1446: Tirgoviste, Valaquia
Radu tenía en la boca gusto a sangre, mezclado con la sal del llanto que corría por su cara.
Andrei y Aron Danesti le dieron otra patada, un fuerte golpe en la barriga con sus botas. Radu se encogió sobre un costado, tratando de hacerse lo más pequeño posible. Las hojas secas y las piedras del suelo le arañaban las mejillas. Allá en el bosque no podía oírlo nadie.

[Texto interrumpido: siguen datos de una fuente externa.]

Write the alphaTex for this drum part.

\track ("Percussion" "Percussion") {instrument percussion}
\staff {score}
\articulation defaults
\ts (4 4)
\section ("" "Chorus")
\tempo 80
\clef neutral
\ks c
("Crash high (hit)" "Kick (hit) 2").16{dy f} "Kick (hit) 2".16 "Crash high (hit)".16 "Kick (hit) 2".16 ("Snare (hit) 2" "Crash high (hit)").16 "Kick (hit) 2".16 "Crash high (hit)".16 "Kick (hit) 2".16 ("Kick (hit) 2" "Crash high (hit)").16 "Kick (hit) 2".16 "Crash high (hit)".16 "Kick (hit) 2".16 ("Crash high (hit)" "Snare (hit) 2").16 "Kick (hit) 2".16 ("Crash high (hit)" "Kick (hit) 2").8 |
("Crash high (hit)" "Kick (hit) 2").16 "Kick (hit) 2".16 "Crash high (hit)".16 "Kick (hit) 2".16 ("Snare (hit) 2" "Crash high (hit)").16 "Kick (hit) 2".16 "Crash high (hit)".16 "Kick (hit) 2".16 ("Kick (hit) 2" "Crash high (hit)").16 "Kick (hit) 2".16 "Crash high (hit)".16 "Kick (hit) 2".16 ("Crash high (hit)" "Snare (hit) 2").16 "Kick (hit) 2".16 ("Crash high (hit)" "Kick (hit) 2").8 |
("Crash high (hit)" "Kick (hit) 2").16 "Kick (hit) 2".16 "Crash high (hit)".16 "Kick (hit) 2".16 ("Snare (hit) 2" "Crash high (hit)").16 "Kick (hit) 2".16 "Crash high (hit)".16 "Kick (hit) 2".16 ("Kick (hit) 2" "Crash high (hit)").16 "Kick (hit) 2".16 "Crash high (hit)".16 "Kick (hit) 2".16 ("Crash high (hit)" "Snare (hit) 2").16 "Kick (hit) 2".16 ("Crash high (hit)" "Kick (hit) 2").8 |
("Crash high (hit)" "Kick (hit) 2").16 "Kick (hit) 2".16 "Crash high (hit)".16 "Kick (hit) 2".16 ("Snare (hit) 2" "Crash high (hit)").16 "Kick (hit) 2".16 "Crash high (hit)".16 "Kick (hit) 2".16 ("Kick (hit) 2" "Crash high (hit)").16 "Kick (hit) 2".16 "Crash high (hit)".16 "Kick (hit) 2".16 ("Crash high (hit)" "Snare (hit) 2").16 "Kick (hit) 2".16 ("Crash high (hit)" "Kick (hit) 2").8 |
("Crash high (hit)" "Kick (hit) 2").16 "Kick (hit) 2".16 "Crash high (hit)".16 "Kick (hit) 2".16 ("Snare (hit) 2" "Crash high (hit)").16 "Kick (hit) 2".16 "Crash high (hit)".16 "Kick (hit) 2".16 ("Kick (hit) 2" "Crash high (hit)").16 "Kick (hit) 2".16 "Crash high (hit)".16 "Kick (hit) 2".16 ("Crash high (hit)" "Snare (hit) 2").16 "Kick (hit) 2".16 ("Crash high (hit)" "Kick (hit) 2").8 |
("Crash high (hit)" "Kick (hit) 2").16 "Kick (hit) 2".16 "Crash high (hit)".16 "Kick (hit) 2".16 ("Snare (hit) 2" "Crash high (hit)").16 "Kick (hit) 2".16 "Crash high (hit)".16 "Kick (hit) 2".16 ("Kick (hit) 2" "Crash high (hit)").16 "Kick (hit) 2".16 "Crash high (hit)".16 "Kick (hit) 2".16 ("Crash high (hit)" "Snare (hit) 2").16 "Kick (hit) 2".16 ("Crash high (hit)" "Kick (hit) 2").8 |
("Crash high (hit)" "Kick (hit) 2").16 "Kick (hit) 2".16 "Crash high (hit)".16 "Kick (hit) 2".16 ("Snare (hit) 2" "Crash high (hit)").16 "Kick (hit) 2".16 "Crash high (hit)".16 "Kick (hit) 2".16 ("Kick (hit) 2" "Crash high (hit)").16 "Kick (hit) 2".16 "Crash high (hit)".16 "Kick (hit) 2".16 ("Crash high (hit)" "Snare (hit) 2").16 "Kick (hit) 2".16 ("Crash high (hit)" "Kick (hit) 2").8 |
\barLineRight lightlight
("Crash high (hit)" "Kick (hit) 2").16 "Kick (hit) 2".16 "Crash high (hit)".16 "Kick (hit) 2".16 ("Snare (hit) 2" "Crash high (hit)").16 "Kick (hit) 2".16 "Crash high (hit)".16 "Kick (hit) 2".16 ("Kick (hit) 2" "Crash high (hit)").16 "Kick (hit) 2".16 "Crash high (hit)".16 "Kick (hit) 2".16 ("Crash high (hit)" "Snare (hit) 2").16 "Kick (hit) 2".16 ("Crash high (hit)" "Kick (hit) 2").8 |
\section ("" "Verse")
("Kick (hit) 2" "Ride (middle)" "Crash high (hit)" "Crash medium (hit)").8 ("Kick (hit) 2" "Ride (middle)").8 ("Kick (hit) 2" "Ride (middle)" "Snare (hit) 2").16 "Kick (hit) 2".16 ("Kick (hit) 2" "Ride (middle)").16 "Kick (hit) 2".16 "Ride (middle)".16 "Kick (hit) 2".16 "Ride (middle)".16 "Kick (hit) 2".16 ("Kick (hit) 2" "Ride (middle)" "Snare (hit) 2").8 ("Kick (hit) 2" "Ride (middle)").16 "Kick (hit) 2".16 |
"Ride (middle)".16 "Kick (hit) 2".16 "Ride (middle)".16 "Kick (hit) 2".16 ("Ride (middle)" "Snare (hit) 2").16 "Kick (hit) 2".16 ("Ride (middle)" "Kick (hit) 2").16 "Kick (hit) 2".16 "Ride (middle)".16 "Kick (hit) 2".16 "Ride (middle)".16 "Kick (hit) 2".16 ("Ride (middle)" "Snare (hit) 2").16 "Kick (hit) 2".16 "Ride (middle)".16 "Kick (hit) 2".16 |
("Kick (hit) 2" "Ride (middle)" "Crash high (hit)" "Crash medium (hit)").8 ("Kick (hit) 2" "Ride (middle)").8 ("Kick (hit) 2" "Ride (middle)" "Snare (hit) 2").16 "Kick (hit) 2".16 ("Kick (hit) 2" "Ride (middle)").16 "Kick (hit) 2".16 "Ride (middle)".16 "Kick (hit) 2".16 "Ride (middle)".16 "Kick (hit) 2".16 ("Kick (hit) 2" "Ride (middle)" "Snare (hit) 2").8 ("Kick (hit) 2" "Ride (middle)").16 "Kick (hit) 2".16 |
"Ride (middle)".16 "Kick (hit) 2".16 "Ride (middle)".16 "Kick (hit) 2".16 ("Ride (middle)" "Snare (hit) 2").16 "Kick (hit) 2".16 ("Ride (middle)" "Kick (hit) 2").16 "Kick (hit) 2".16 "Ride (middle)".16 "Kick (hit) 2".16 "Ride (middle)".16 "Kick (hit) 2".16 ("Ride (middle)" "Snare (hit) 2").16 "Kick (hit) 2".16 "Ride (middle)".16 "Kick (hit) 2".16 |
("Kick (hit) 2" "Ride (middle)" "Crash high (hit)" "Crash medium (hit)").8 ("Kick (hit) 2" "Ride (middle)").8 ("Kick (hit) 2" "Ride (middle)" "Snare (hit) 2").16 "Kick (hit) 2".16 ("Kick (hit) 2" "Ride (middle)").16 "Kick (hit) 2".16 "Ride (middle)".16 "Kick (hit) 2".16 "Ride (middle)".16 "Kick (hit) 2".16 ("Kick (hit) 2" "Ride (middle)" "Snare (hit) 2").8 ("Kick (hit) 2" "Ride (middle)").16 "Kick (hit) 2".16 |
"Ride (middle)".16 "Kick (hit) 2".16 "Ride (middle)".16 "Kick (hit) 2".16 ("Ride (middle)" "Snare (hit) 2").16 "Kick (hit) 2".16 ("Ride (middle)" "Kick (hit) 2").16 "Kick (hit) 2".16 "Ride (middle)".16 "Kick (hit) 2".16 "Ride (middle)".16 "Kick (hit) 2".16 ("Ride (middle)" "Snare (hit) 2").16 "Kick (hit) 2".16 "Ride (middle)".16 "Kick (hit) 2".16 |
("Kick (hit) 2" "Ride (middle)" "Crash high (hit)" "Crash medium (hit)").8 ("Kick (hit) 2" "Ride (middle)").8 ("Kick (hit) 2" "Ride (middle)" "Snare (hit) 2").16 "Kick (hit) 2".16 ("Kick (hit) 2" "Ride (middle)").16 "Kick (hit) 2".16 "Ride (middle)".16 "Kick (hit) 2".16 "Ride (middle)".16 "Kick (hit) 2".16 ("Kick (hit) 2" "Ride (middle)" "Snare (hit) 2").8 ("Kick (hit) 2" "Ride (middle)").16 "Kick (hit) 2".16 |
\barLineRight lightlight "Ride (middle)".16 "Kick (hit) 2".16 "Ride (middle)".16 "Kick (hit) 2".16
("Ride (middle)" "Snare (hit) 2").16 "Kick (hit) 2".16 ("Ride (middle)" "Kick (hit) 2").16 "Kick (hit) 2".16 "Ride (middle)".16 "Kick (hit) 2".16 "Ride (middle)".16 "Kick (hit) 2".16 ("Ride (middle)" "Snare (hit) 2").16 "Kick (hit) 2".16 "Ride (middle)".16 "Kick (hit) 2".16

Ya estaba acostumbrado a no ser oído. Tampoco lo oía nadie en el castillo, donde después de seis años solo se sentía en casa cuando estaba en su cuarto, junto a su niñera. En el pulso interminable que libraban con Lada los preceptores de ambos niños, el intachable rendimiento de Radu pasaba a menudo desapercibido. Lada siempre estaba estudiando, o con Bogdan, y nunca le dedicaba ni un solo minuto. El hermanastro menor de ambos, Mircea, lo obligaba a buscarse escondites para evitar sus bruscos comentarios, y sus puños, aún más bruscos. En cuanto a su padre, el príncipe, se pasaba semanas enteras olvidando que él existía.
La presión era tan fuerte que al final Radu no sabía si le daba más miedo que su padre se fijara en él o que lo ignorase.
Era menos peligroso pasar desapercibido. Hoy, por desgracia, no lo había conseguido. La risa de Aron Danesti era más afilada que la punta de sus botas.
—Chillas como un gorrino. Hazlo otra vez.
—Por favor. —Radu se protegió la cabeza, mientras Aron lo abofeteaba—. Parad. Parad.
—Aquí venimos a hacernos más fuertes —dijo Andrei—. Y más débil que tú no hay nadie.
A todos los hijos de familias boyardas de entre siete y once años —boyardo era sinónimo de noble, y en boca de Lada la palabra siempre iba acompañada de una mueca de desprecio— los dejaban como mínimo una vez al mes en medio del bosque. Era una tradición, de la que la mayoría de los adultos se reían con indulgencia; decían que era un juego, aunque todos aguzaban la vista, pendientes de quién salía primero con aspecto de volver de un simple paseo, no cansado y asustado, como un niño común y corriente.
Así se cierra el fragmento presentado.